Re: Using IPv6 with prefixes shorter than a /64 on a LAN

[Owen DeLong <owen () delong com>]

On Jan 31, 2011, at 10:26 PM, Michael Dillon wrote:

> > In my opinion, RFC 4193 is just a bad idea and there's no benefit to it vs.
> > GUA. Just put a good stateful firewall in front of your GUA.
> >
> > I mean, really, how many things do you have that don't need access
> > to/from the internet. Maybe your printers and a couple of appliances.
> >
> > The rest... All those TiVOs, Laptops, Desktops, iPads, etc. all need
> > public addresses anyway, so, why bother with the ULA?
>
> Because the ULA addressing is free, not that hard, and provides an
> extra layer of protection to prevent vandals from using up your printer
> ink or turning your fridge on defrost during the night.
Well, 2 out of 3 isn't bad, I suppose, but, do you really get even
that?

ULA addressing is free, except for the costs imposed by using it
instead of GUA in most circumstances.   I'll give you 0.5 for this one.
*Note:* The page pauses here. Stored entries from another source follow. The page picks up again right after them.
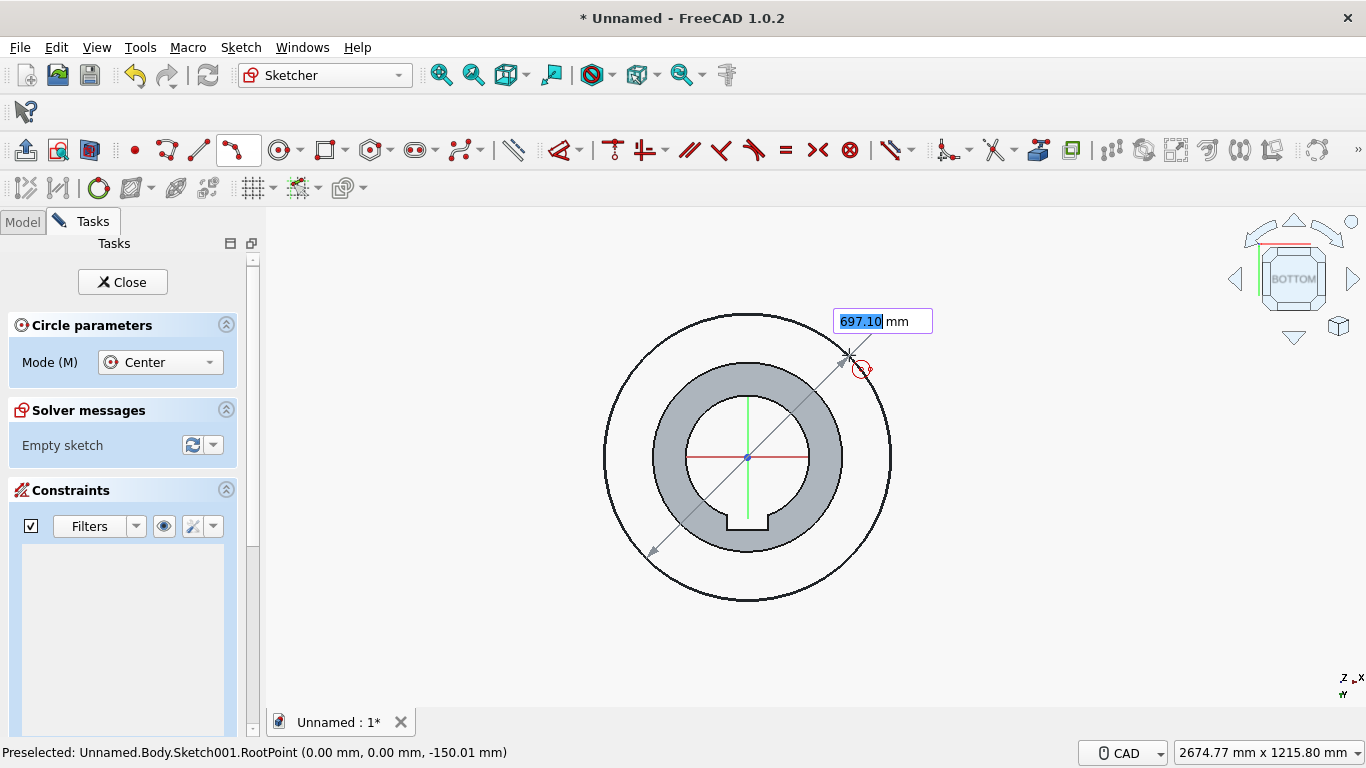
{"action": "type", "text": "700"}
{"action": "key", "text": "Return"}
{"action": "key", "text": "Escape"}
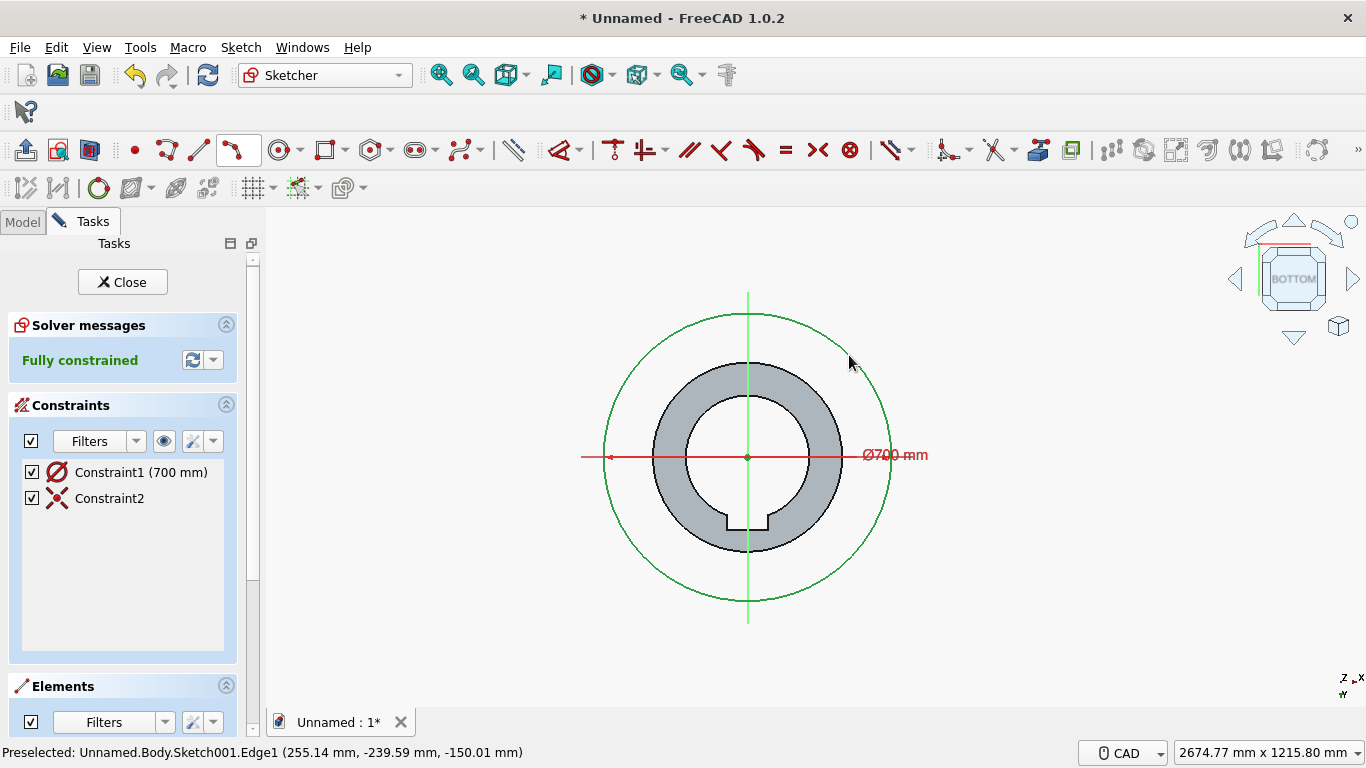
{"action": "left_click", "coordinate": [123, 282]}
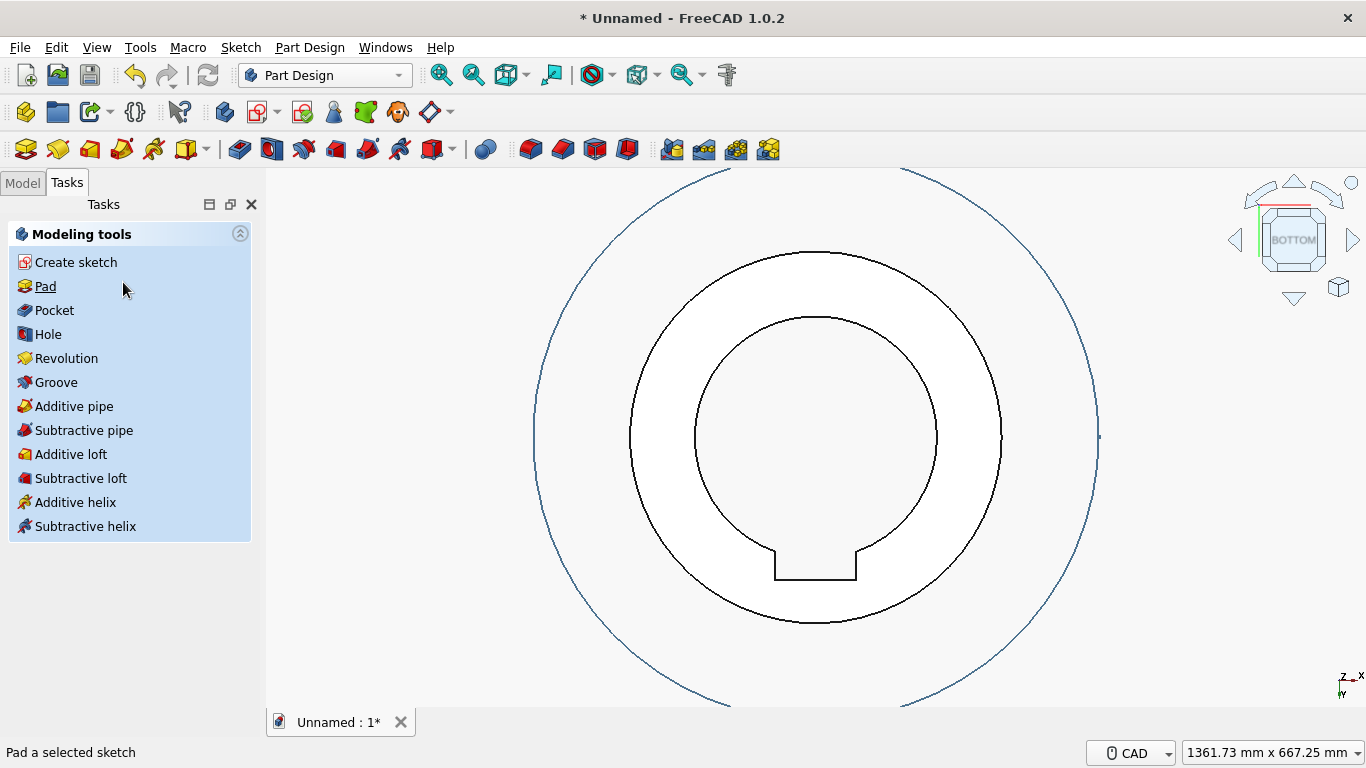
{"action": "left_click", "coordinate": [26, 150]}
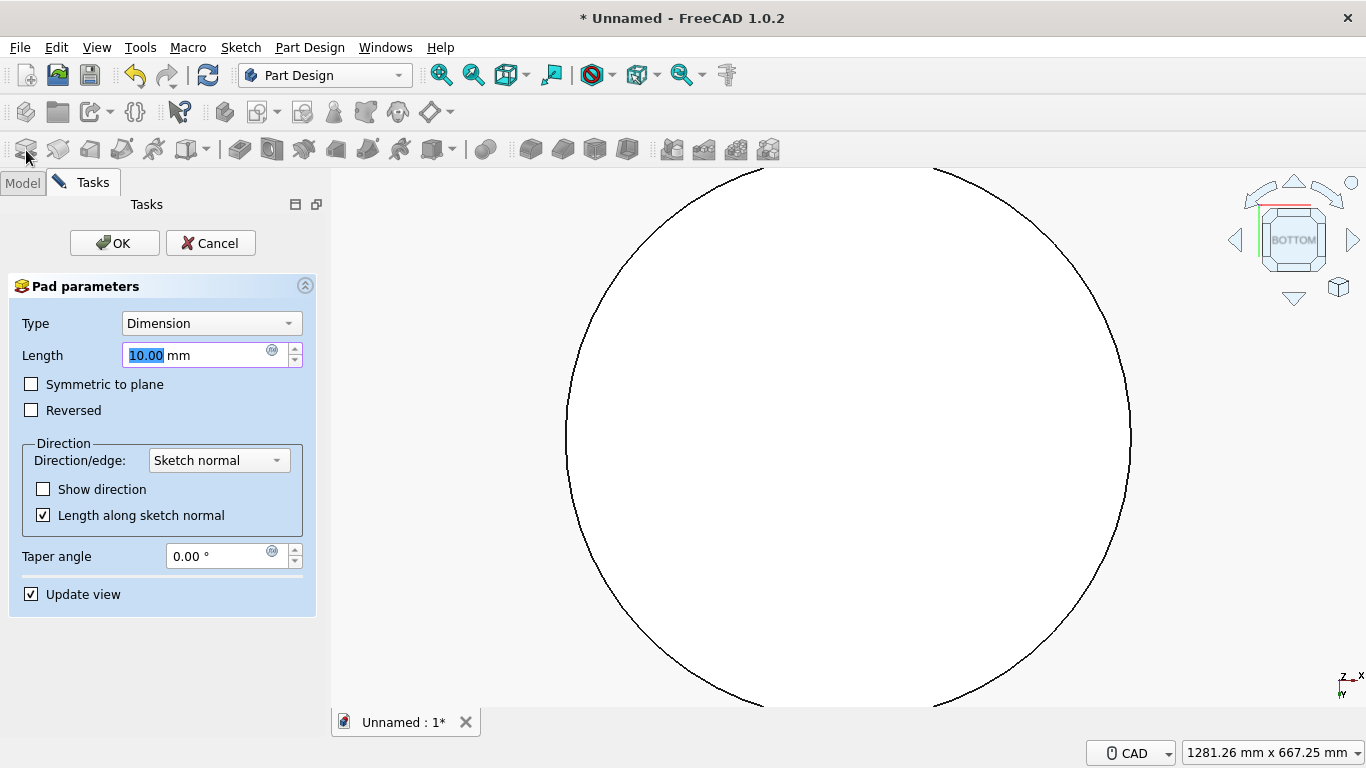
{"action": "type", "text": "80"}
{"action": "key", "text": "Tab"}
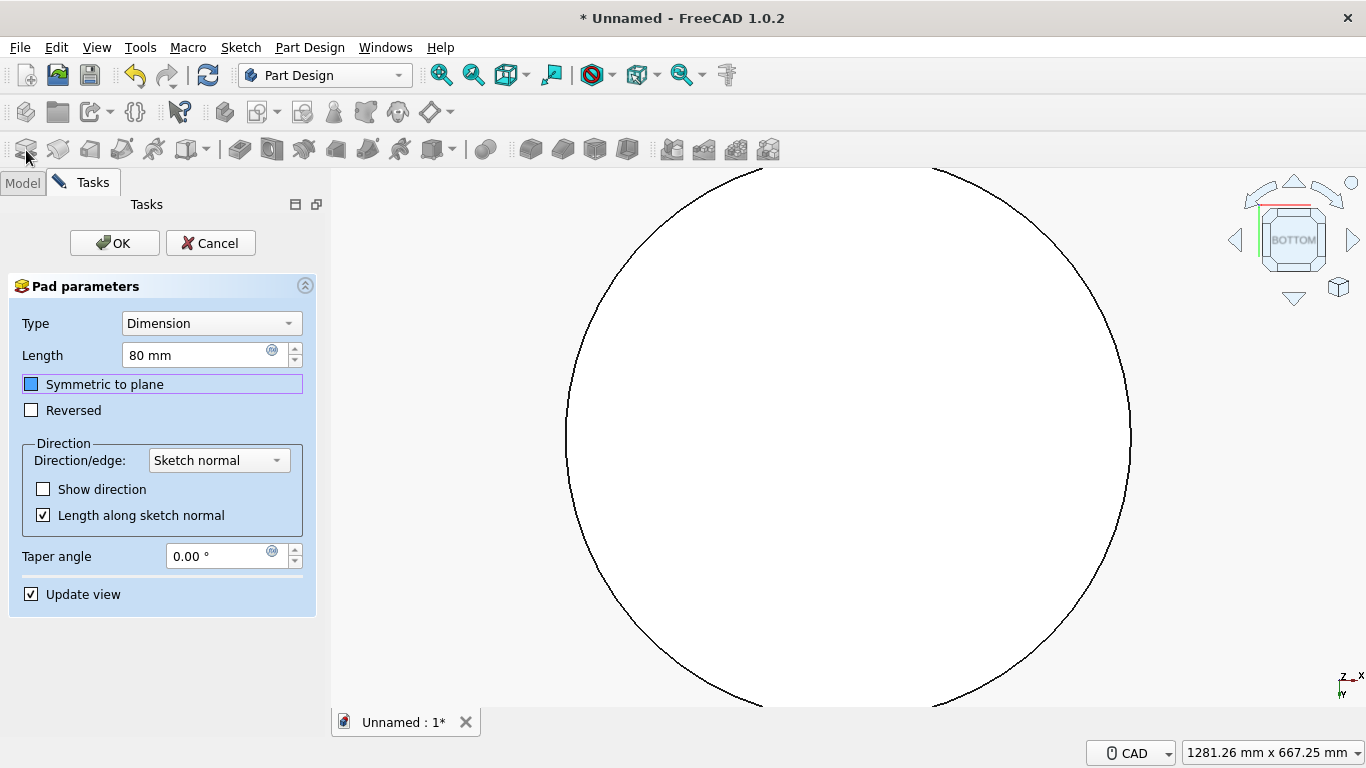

ULA addressing is not that hard. Neither is GUA. In fact they both
pose exactly the same difficulty. So, though I have to grant that it
isn't that hard, you failed to show how this fact gives it any
advantage over GUA. Additionally, it does create additional
difficulties since you now need to maintain two address
spaces instead of just one. So, since it's harder than GUA,
but, still not that hard, I'll give you 0.5 for that one, too.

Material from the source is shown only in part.